(Data entries)
• • • •
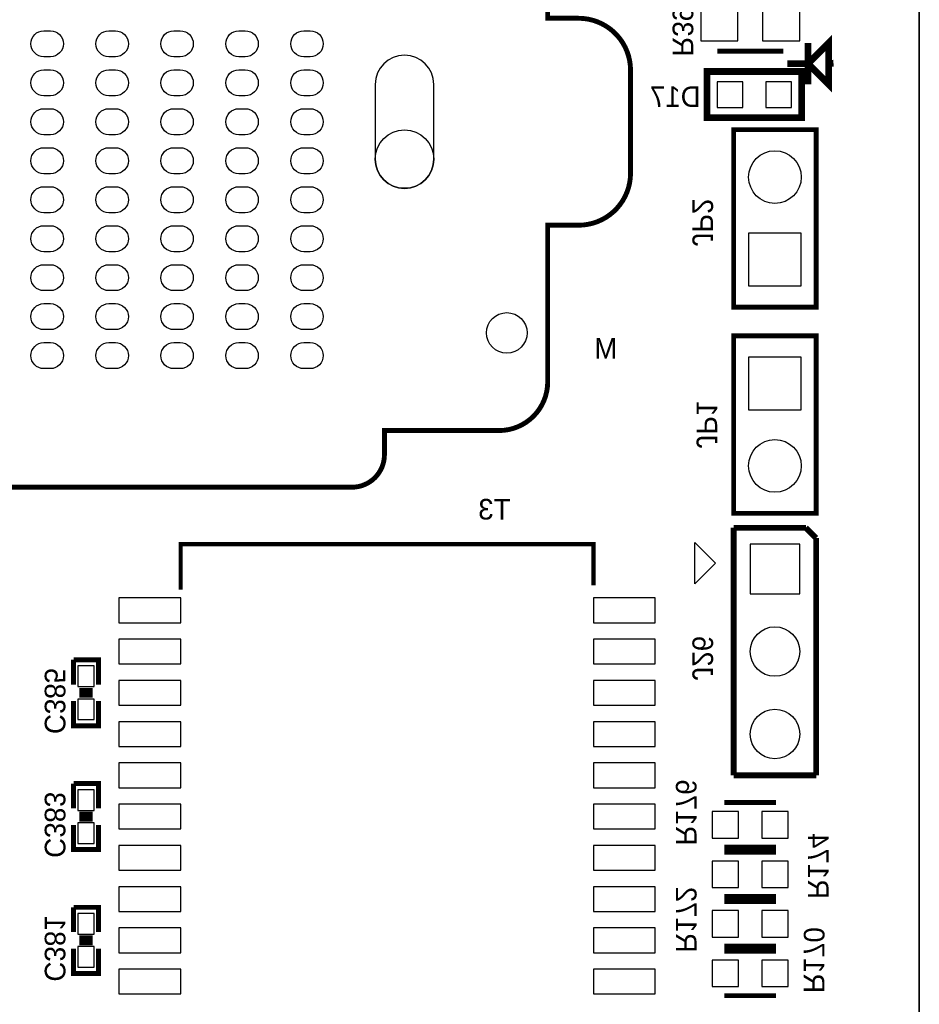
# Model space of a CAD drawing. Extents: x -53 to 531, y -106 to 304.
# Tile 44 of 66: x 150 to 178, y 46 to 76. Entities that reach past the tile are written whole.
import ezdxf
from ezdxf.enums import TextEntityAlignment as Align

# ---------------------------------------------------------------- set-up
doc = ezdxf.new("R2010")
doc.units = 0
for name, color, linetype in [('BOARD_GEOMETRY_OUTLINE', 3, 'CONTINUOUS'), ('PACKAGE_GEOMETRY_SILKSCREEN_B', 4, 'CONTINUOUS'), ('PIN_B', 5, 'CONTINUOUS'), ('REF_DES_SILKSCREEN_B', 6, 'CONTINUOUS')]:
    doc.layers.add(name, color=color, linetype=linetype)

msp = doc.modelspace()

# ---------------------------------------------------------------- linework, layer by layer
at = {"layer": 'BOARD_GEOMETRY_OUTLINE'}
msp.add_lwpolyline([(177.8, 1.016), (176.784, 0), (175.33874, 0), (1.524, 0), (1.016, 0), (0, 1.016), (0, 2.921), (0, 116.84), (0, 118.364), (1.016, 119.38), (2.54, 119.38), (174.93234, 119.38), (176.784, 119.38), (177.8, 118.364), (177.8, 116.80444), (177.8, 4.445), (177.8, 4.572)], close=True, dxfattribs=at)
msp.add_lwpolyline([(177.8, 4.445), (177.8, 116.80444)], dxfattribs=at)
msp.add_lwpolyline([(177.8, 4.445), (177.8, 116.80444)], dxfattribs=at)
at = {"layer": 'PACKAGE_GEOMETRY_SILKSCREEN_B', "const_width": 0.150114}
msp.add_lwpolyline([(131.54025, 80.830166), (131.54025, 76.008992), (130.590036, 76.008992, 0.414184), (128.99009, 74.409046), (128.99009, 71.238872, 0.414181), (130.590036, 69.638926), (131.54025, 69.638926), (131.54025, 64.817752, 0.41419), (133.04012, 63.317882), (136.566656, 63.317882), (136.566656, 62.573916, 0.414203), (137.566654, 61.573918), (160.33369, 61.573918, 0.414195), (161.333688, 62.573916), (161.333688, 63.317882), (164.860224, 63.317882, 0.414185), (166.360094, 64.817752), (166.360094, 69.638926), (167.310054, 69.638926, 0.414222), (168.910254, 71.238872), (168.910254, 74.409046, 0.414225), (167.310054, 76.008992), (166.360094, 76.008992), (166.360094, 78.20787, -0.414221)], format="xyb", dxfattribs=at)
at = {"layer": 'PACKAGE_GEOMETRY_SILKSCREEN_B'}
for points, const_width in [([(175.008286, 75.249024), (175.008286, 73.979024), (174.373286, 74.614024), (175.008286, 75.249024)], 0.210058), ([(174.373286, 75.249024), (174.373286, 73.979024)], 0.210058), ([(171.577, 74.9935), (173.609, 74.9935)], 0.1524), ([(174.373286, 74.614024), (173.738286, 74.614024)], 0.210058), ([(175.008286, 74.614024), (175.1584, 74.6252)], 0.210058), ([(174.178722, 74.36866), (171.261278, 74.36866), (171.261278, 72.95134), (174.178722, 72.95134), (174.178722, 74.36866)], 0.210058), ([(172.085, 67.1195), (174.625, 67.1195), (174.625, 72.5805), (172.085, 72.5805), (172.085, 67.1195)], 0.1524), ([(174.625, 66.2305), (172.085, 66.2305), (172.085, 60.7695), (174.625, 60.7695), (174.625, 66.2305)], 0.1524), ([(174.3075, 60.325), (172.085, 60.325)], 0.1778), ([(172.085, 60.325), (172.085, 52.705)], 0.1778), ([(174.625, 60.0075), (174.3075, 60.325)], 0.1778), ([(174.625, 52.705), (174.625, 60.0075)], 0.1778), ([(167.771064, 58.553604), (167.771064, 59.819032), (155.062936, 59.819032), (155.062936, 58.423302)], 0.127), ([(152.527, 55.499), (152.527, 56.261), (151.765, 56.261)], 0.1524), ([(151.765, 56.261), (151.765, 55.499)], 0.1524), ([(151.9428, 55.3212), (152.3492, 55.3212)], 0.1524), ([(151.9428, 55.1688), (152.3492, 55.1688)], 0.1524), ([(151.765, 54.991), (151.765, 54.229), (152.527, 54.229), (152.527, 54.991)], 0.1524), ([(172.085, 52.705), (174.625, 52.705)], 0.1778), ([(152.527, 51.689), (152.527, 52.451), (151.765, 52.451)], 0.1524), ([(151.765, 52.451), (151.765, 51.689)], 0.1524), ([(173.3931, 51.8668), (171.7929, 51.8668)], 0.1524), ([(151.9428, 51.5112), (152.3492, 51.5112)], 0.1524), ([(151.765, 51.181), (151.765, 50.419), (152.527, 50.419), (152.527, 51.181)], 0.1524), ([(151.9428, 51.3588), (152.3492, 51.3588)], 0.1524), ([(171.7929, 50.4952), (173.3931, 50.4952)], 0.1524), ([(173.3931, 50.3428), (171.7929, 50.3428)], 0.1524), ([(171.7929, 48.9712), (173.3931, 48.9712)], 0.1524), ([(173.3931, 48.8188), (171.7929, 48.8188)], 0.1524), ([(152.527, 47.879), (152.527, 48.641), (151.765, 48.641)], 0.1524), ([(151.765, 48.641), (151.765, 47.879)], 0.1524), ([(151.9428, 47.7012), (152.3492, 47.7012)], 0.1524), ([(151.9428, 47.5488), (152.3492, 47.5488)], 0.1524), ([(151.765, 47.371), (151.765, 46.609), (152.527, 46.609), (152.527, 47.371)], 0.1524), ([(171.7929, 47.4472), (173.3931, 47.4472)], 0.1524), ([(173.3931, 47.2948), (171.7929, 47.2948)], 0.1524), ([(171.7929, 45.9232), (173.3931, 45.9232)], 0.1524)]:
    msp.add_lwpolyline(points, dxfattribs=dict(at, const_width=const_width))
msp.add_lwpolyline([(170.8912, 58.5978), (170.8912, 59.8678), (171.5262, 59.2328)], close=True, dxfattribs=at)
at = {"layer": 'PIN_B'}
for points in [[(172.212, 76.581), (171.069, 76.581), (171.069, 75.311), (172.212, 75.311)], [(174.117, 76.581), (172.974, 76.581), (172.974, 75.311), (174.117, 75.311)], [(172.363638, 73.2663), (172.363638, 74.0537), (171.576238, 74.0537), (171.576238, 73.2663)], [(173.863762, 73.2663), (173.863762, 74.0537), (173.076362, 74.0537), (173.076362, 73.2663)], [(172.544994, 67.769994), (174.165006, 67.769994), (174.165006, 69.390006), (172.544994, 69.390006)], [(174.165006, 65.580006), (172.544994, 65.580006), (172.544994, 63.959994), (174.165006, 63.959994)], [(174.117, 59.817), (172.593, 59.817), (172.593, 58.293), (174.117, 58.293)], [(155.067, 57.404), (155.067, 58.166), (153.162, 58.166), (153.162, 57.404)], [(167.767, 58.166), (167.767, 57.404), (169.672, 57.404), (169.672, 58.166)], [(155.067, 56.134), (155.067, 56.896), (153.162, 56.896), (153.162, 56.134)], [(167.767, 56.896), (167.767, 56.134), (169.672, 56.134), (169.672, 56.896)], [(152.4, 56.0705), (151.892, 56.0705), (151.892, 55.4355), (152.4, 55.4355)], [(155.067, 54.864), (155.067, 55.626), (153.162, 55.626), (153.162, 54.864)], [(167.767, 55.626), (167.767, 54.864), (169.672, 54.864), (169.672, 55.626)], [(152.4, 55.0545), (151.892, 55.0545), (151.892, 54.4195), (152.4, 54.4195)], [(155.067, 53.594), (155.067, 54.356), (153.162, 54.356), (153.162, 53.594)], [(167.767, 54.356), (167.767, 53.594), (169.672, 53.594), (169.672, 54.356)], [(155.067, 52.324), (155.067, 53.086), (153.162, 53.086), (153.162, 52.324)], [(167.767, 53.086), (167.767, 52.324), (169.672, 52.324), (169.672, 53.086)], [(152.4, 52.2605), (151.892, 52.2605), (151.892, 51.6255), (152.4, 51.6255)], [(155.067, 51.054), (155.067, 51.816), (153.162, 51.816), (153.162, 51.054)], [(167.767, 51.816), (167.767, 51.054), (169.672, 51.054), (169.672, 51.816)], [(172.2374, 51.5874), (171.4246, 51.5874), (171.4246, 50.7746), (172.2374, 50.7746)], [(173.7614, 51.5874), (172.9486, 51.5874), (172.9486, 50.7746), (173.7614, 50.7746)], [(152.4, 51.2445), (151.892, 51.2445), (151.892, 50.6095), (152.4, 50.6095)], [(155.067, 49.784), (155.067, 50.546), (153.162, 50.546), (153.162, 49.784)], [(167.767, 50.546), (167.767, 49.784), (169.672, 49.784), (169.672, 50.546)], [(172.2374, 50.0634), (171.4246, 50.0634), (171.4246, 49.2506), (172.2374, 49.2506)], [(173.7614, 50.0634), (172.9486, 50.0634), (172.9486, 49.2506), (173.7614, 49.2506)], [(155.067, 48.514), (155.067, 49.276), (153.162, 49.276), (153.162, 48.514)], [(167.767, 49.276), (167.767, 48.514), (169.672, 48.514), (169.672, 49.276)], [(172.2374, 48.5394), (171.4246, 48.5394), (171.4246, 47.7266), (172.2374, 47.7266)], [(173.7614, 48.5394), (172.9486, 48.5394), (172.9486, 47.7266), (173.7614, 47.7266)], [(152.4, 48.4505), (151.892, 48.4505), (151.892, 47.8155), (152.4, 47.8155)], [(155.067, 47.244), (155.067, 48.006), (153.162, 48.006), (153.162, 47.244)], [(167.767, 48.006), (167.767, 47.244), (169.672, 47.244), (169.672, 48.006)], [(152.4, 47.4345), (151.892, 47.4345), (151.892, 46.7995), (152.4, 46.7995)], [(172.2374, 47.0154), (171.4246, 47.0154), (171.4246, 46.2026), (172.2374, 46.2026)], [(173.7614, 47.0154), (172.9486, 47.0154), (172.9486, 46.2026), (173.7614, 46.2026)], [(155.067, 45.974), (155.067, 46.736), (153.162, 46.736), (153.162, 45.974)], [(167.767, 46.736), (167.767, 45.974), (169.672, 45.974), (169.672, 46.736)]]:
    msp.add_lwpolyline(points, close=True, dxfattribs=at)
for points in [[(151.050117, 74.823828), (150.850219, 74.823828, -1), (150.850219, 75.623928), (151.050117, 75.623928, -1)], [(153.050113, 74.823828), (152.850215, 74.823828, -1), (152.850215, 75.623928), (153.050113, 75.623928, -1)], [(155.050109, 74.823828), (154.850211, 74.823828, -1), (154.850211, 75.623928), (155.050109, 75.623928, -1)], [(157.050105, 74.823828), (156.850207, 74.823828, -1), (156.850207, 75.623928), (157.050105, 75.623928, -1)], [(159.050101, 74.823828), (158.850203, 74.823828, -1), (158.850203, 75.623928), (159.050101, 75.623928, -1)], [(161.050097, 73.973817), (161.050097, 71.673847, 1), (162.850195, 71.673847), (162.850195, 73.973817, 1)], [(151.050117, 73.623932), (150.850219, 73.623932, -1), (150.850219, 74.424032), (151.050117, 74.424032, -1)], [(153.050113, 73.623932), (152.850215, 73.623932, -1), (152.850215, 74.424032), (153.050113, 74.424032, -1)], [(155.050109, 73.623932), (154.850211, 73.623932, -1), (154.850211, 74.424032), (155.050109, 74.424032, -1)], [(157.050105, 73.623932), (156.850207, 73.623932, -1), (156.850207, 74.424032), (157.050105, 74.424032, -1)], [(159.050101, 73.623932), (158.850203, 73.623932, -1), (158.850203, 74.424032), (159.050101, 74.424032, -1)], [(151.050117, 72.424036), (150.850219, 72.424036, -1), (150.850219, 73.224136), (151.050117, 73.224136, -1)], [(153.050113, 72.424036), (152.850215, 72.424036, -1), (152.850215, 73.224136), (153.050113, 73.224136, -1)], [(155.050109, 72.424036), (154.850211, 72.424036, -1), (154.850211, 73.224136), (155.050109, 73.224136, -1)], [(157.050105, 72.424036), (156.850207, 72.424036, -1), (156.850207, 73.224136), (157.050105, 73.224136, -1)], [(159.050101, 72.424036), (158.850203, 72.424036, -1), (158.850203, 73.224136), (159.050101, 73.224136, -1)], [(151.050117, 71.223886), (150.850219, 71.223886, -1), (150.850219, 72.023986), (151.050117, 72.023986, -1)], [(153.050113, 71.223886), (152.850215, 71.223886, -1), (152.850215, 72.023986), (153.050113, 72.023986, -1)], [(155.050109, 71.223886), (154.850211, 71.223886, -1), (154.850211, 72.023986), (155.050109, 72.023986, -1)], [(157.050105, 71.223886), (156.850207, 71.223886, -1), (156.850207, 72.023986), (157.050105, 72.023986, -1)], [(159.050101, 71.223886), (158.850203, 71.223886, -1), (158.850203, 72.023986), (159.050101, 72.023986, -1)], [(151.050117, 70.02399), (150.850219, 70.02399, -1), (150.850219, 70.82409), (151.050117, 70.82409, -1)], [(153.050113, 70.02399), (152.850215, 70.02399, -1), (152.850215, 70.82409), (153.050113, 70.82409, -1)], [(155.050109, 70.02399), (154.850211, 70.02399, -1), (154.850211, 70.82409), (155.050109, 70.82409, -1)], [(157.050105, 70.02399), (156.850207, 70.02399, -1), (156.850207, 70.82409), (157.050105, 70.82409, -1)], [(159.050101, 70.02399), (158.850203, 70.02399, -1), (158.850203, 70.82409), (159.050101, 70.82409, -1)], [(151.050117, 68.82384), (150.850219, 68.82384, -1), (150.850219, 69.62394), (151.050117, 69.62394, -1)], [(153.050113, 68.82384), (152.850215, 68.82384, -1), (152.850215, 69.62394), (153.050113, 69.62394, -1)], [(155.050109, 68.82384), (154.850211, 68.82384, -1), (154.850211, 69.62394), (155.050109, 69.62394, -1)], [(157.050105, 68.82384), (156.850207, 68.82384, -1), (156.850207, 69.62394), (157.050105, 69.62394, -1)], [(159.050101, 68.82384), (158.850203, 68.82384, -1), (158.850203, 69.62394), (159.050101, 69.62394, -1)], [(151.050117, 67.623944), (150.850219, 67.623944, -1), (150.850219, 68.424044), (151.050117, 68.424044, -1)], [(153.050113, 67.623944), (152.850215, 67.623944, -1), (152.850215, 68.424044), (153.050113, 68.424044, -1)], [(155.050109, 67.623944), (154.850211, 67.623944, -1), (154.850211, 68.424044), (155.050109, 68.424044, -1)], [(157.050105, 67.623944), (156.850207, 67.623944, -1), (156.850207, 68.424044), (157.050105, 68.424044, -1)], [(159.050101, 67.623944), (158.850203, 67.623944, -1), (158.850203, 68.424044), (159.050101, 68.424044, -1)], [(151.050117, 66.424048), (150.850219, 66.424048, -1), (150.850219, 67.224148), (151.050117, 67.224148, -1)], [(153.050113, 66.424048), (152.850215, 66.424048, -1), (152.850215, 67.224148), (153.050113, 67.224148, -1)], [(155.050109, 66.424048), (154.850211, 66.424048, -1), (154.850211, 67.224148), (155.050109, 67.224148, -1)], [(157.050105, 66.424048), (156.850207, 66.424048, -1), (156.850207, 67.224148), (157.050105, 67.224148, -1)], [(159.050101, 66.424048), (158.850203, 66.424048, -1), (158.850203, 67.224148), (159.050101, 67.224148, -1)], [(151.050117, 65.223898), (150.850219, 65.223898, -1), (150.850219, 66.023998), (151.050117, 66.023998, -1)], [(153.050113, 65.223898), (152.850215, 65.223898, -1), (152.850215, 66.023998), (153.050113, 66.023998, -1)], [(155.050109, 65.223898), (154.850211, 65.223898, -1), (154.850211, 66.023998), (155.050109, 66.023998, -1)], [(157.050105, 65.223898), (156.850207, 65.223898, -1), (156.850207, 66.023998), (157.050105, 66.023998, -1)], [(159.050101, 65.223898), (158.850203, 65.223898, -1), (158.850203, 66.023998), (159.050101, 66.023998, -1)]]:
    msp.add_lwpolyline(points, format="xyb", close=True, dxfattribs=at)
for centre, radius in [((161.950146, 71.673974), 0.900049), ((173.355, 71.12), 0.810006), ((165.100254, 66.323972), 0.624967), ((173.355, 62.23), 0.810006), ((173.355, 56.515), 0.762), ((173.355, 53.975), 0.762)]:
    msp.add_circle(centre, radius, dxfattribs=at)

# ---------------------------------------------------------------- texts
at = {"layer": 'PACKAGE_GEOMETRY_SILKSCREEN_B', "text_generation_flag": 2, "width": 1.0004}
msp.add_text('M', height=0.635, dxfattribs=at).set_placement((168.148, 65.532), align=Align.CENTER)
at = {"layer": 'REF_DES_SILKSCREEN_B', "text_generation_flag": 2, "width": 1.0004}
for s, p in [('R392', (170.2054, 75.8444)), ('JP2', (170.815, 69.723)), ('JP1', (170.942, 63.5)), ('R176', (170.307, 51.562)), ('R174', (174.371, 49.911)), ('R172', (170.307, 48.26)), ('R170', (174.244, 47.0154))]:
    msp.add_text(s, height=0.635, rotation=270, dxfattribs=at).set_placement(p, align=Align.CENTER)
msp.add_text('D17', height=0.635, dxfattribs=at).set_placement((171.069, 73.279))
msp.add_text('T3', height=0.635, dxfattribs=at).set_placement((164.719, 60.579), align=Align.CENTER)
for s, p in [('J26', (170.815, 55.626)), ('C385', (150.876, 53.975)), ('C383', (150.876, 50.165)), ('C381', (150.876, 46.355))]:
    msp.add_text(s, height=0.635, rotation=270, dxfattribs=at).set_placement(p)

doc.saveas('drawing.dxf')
• • • •
**Task statement**
Print exactly the line containing "for centre, radius" and every line after it through the end of the records above, and nothing else.

**Expected answer**
for centre, radius in [((161.950146, 71.673974), 0.900049), ((173.355, 71.12), 0.810006), ((165.100254, 66.323972), 0.624967), ((173.355, 62.23), 0.810006), ((173.355, 56.515), 0.762), ((173.355, 53.975), 0.762)]:
    msp.add_circle(centre, radius, dxfattribs=at)

# ---------------------------------------------------------------- texts
at = {"layer": 'PACKAGE_GEOMETRY_SILKSCREEN_B', "text_generation_flag": 2, "width": 1.0004}
msp.add_text('M', height=0.635, dxfattribs=at).set_placement((168.148, 65.532), align=Align.CENTER)
at = {"layer": 'REF_DES_SILKSCREEN_B', "text_generation_flag": 2, "width": 1.0004}
for s, p in [('R392', (170.2054, 75.8444)), ('JP2', (170.815, 69.723)), ('JP1', (170.942, 63.5)), ('R176', (170.307, 51.562)), ('R174', (174.371, 49.911)), ('R172', (170.307, 48.26)), ('R170', (174.244, 47.0154))]:
    msp.add_text(s, height=0.635, rotation=270, dxfattribs=at).set_placement(p, align=Align.CENTER)
msp.add_text('D17', height=0.635, dxfattribs=at).set_placement((171.069, 73.279))
msp.add_text('T3', height=0.635, dxfattribs=at).set_placement((164.719, 60.579), align=Align.CENTER)
for s, p in [('J26', (170.815, 55.626)), ('C385', (150.876, 53.975)), ('C383', (150.876, 50.165)), ('C381', (150.876, 46.355))]:
    msp.add_text(s, height=0.635, rotation=270, dxfattribs=at).set_placement(p)

doc.saveas('drawing.dxf')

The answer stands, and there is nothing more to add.